About this exercise — Set out each line from the following listing that includes the word "HFOV".
::: Data for review
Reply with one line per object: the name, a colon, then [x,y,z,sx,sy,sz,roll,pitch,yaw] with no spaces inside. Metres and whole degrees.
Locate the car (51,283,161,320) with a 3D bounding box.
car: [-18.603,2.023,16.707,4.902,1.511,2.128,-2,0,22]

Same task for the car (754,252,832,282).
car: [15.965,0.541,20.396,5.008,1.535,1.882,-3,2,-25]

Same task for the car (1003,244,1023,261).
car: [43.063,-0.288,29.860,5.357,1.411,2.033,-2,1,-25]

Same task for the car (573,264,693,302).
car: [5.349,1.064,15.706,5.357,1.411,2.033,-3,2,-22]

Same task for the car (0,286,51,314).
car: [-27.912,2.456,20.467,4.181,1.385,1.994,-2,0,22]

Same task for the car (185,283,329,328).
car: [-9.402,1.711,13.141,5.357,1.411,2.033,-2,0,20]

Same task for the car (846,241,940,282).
::::::
::: Data for review
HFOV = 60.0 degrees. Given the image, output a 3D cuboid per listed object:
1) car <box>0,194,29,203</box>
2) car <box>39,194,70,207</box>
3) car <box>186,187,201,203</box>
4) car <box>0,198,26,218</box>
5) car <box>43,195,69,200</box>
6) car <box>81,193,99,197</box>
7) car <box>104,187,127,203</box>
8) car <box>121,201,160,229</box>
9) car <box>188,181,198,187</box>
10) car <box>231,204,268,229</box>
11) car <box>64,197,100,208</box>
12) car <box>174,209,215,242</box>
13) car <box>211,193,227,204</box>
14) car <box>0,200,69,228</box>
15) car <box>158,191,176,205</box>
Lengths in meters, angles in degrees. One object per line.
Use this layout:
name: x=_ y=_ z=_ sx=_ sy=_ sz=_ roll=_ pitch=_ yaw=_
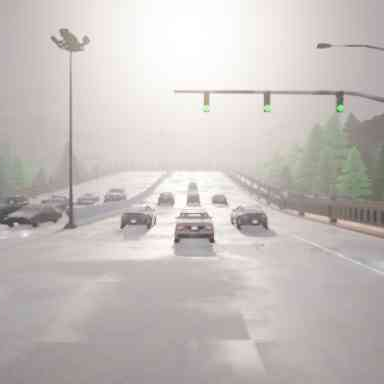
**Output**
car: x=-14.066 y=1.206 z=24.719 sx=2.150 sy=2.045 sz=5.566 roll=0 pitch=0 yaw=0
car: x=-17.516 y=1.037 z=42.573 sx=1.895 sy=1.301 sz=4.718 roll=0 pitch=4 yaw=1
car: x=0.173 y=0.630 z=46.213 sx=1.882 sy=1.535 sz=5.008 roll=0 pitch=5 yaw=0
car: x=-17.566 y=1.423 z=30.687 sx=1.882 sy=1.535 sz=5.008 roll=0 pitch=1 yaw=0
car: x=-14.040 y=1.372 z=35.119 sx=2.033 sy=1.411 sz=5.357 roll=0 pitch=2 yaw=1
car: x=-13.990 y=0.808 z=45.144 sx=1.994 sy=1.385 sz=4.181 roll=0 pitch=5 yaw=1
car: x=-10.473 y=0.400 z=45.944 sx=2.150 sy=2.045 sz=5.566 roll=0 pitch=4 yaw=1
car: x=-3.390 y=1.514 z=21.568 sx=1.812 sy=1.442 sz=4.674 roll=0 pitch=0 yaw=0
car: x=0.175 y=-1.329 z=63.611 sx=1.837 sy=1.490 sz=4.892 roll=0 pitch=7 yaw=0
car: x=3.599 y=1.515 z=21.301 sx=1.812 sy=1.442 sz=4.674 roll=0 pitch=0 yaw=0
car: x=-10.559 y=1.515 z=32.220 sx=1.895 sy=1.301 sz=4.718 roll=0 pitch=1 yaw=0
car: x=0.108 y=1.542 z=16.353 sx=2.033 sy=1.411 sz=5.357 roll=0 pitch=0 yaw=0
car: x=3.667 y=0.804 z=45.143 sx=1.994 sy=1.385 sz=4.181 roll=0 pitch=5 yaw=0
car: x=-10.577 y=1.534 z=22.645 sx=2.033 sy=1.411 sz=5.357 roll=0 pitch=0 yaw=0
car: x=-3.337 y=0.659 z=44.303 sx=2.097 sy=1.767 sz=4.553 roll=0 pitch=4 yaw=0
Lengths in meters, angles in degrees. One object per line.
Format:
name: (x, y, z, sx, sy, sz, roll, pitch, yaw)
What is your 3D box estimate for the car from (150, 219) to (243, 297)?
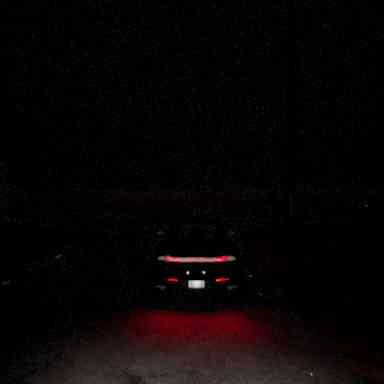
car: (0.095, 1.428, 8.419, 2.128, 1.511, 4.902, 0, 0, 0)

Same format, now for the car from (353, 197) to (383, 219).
::::::
::: Data for review
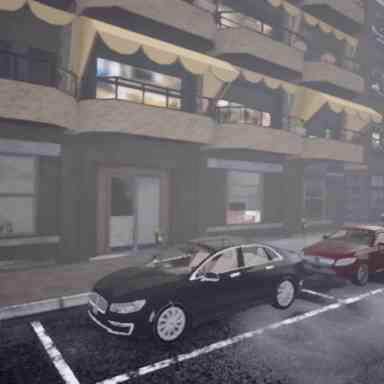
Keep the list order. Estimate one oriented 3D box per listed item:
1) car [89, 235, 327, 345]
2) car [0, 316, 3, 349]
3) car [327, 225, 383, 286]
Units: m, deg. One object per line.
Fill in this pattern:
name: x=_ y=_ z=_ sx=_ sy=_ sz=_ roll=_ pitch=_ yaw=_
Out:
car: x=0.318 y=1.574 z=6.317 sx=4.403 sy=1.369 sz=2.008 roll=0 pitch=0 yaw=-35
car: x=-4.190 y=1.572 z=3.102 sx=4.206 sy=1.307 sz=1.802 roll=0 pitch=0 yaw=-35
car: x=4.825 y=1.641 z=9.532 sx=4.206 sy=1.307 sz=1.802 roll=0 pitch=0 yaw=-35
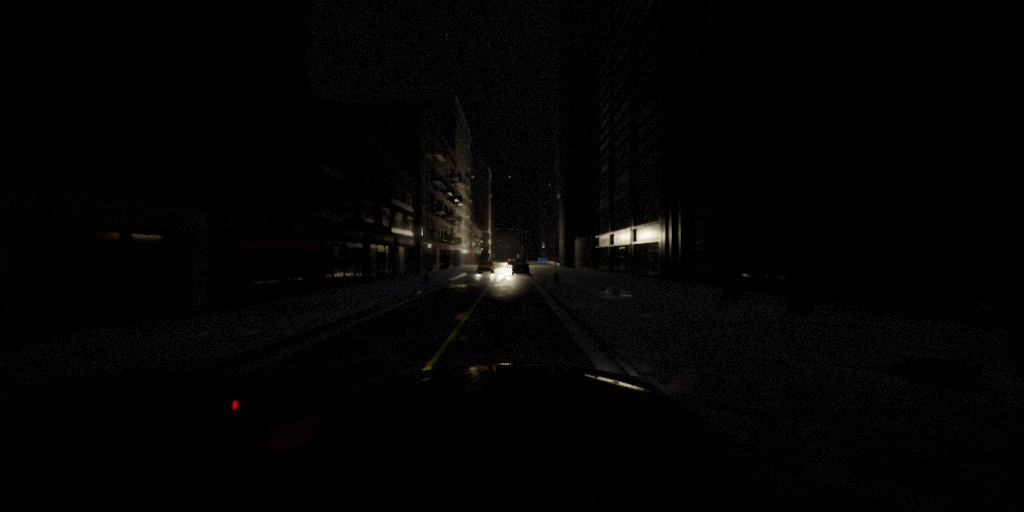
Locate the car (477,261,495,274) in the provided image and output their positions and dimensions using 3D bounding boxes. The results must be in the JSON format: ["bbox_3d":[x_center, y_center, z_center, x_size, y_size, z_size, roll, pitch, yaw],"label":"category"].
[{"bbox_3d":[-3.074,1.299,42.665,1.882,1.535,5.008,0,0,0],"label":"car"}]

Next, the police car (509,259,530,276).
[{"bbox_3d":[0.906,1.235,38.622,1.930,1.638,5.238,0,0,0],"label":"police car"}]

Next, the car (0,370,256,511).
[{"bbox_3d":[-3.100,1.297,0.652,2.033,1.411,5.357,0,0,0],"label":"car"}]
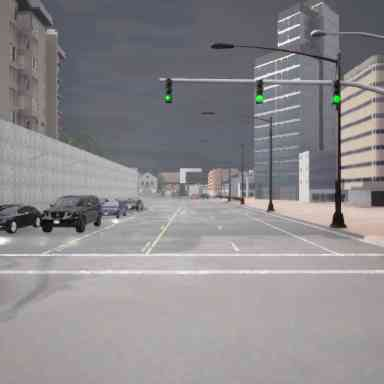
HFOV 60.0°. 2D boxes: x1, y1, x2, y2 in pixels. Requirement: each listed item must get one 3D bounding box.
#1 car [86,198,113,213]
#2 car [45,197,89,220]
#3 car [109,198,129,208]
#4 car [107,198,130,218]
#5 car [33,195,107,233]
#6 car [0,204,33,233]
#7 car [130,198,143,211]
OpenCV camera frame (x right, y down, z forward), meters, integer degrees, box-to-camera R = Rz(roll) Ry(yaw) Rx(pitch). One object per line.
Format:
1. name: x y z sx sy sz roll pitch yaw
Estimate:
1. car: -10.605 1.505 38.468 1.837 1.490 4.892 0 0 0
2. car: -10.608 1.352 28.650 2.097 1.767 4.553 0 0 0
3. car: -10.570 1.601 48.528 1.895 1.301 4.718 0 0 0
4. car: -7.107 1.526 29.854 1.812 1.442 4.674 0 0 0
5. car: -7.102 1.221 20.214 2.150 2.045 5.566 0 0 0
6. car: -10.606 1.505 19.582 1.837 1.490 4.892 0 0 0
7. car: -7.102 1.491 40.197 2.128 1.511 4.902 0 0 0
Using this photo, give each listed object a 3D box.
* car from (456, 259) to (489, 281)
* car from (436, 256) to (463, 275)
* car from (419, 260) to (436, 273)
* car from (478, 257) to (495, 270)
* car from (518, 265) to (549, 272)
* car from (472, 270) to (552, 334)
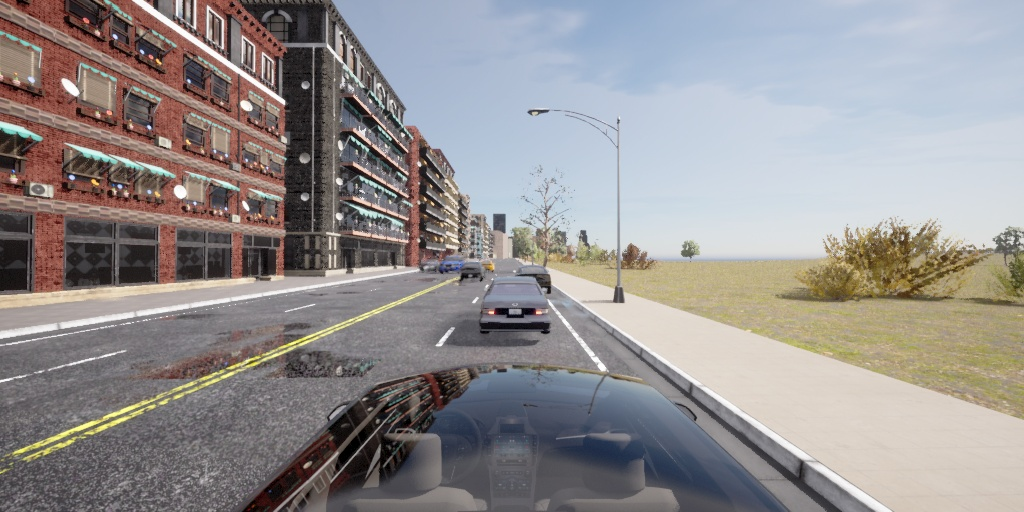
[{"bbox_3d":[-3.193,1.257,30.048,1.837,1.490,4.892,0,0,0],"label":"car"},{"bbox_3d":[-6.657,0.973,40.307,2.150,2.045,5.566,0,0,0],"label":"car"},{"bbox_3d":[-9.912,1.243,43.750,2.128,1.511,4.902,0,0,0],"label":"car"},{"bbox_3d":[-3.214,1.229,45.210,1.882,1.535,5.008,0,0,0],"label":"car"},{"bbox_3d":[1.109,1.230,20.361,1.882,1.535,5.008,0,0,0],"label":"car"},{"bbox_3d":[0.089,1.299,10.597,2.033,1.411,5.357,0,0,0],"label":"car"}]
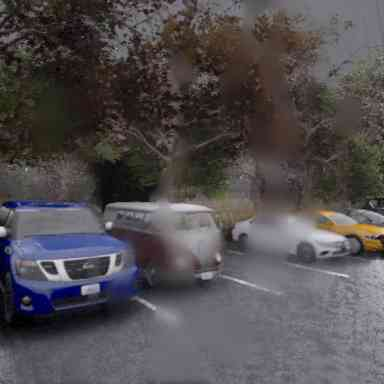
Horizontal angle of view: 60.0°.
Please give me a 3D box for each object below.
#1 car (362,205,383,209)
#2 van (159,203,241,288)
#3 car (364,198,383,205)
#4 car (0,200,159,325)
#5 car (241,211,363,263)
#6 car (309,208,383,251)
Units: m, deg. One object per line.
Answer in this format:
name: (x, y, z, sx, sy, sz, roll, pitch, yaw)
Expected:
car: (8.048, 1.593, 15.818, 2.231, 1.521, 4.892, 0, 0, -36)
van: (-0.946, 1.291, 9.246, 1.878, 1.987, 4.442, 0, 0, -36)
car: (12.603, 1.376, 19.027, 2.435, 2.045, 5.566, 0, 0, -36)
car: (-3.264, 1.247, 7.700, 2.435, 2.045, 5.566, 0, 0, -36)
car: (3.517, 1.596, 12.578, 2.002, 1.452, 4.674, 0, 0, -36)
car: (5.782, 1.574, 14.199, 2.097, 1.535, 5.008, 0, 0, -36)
::::::
Reply —
HFOV = 60.0 degrees. Given the image, output a 3D cuboid per listed object:
HFOV 60.0°. 2D boxes: x1, y1, x2, y2 in pixels. Requirement: each listed item must get one 3D bounding box.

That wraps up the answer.